Mourners wave Syrian flags and a photo of President Bashar Assad as they chant slogans at a mass funeral Saturday, Dec. 24, 2011 for 44 people killed in twin suicide bombings that targeted intelligence agency compounds in Damascus, Syria. Mourners carried coffins draped in the red, white and black Syrian flags into the eighth-century Omayyad Mosque, where they were placed on the ground for prayers. (AP Photo/Muzaffar Salman)
Mourners wave Syrian flags and a photo of President Bashar Assad as they chant slogans at a mass funeral Saturday, Dec. 24, 2011 for 44 people killed in twin suicide bombings that targeted intelligence agency compounds in Damascus, Syria. Mourners carried coffins draped in the red, white and black Syrian flags into the eighth-century Omayyad Mosque, where they were placed on the ground for prayers. (AP Photo/Muzaffar Salman)
Mourners bow in prayer at a mass funeral Saturday, Dec. 24, 2011 for 44 people killed in twin suicide bombings that targeted intelligence agency compounds in Damascus, Syria. Mourners carried coffins draped in the red, white and black Syrian flags into the eighth-century Omayyad Mosque, where they were placed on the ground for prayers. (AP Photo/Muzaffar Salman)
A Syrian Kurdish boy carries a banner during a protest outside the Arab League office in Beirut, Lebanon, Sunday, Dec. 25, 2011. The protesters said the Arab League was not serious in attempts to stop the Syrian regime crackdown. A man behind the boy was carrying a poster of President Bashar Assad of Syria. (AP Photo/Bilal Hussein)
BEIRUT (AP) ? Syria's top opposition leader called on the Arab League Sunday to bring the U.N. into the effort to stop the regime's bloody crackdown on dissent as security forces pressed ahead with raids and arrests and killed at least seven more people.

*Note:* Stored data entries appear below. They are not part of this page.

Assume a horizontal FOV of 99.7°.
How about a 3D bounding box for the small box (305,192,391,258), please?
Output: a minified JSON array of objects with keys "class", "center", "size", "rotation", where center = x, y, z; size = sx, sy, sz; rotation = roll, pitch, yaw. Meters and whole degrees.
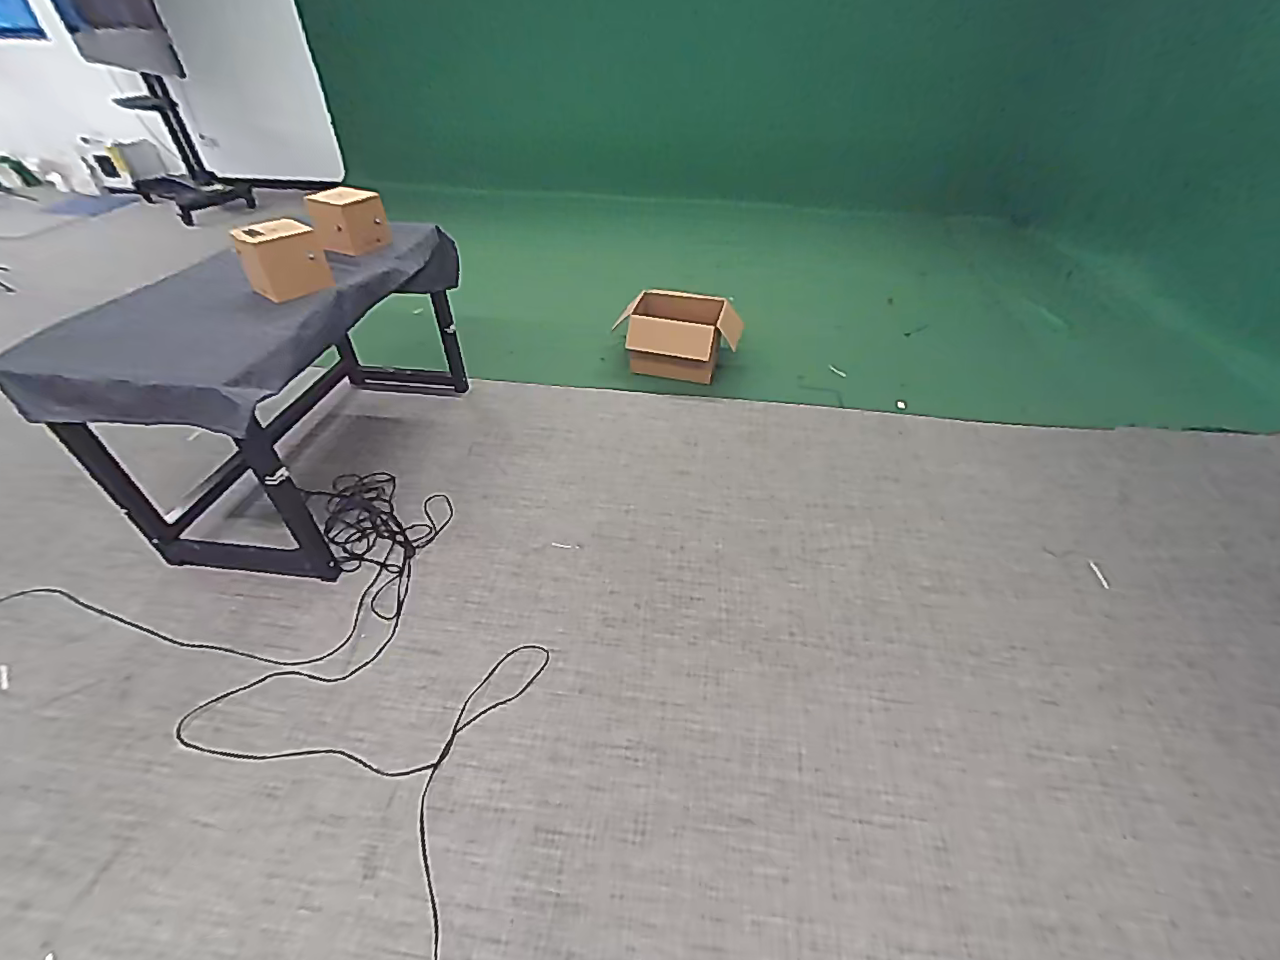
[{"class":"small box","center":[-1.002,-0.882,1.873],"size":[0.179,0.176,0.168],"rotation":[17,43,20]}]
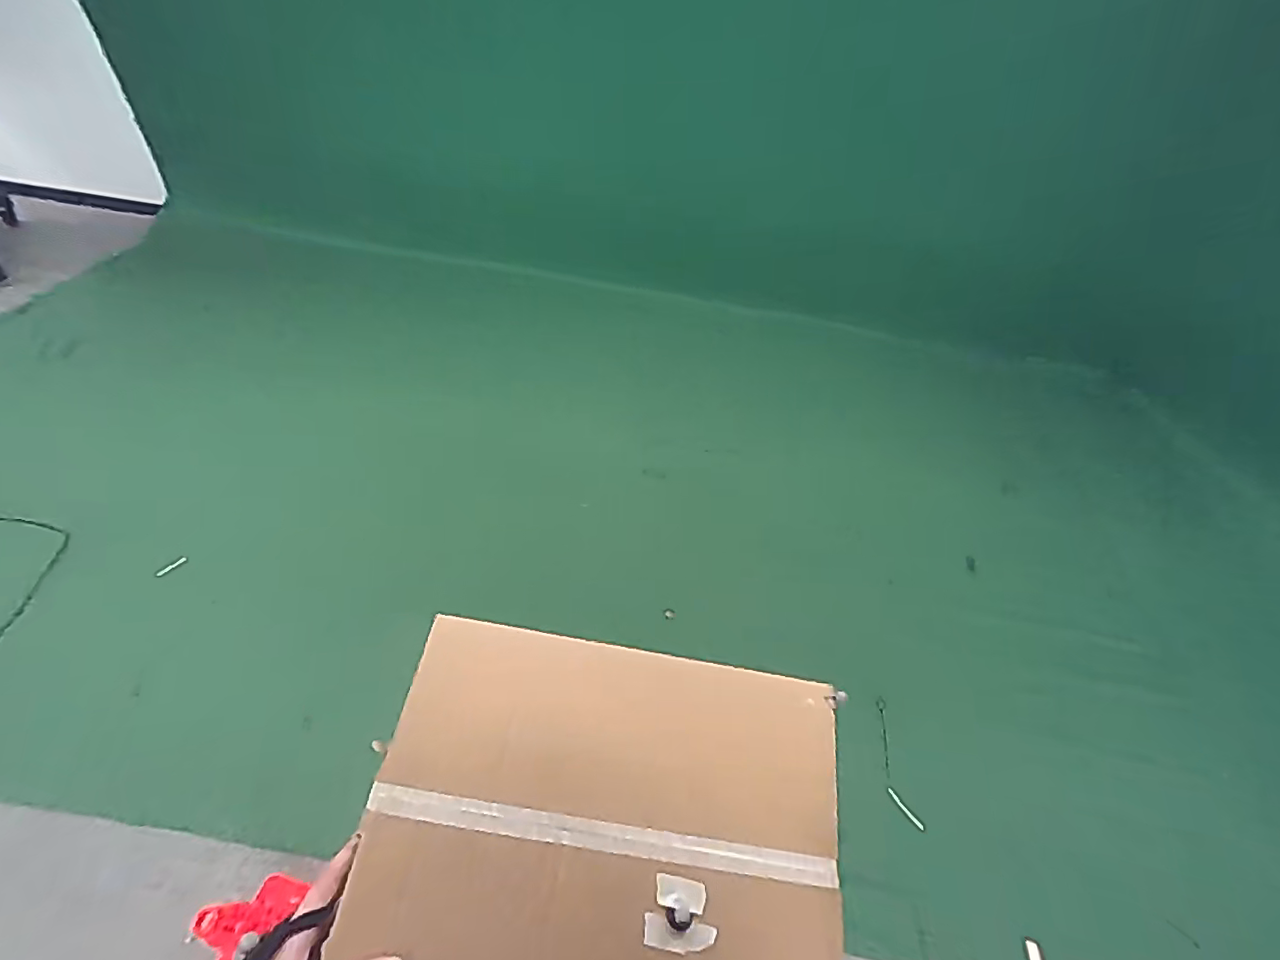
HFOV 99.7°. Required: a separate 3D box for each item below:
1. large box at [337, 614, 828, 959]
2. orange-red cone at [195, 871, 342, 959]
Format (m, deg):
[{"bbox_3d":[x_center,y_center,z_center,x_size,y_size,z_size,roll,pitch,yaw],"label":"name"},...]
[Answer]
[{"bbox_3d":[-0.044,0.370,0.613,0.408,0.320,0.320,11,62,-2],"label":"large box"},{"bbox_3d":[-0.784,0.887,1.078,0.199,0.360,0.198,14,45,8],"label":"orange-red cone"}]

Burhan Ghalioun, the Paris-based leader of the Syrian National Council, made the plea as Arab League officials were setting up teams of foreign monitors as part of their plan aimed at ending nine months of turmoil that the U.N. says has killed more than 5,000 people.
Opposition groups say the Arab League is not strong enough to resolve the crisis, which is escalating beyond mass demonstrations into armed clashes between military defectors and security forces and a double suicide bombing that shook Damascus on Friday.
"I call upon the Arab League to ask the Security Council to adopt its plan in order to increase possibilities of its success and avoid giving the regime an opportunity not to carry out its obligations," Ghalioun said in a televised speech marking Christmas. The opposition council "holds the international community to its responsibilities and asks them to use all available means to put an end to the tragedies experienced by the Syrian people," he added.
"The barbaric massacre must stop now," Ghalioun said.
The Arab League has begun sending observers into Syria to monitor compliance with its plan to end to the crackdown on political opponents. President Bashar Assad agreed to the League plan only after it warned that it could turn to the U.N. Security Council to help stop the violence.
The plan requires the government to remove its security forces and heavy weapons from city streets, start talks with opposition leaders and allow human rights workers and journalists into the country.
The opposition has accused Assad of agreeing to the plan only to buy time and forestall more international sanctions and condemnation.
Mohamed Ahmed Mustafa al-Dabi, head of the Arab League observer team, traveled to Damascus late Saturday after meeting with Arab League chief Nabil Elaraby to discuss arrangements of the mission. More monitors are expected to arrive Monday.
On Sunday, the British-based Syrian Observatory for Human Rights and the Local Coordination Committees activist groups said troops shelled the town of Juraithi in the eastern province of Deir el-Zour, killing one person. They added that security forces killed three others in the village of Kouriyeh, also in Deir el-Zour.
The groups also reported that parts of the restive central city of Homs was bombed Saturday, killing at least three people and wounding dozens.
The two groups also blamed the regime for the assassination of a former member of Assad's ruling Baath party in Homs Ghazi Zoaib and his wife Saturday night. The groups said Zoaib had recently expressed support of the opposition.
The Syrian government has long contended that the turmoil in Syria this year is not an uprising by reform-seekers but the work of terrorists and foreign-backed armed gangs.
Syria blamed al-Qaida for sending two suicide car bombs that blew up in Damascus Friday, killing 44 and wounding dozens more. Opponents of Assad suggested the regime itself might have been responsible.
Associated Pressalbrecht durer davenport denver nuggets chris hansen ehlers danlos syndrome drew peterson diners drive ins and dives
No comments:
Post a Comment
Note: Only a member of this blog may post a comment.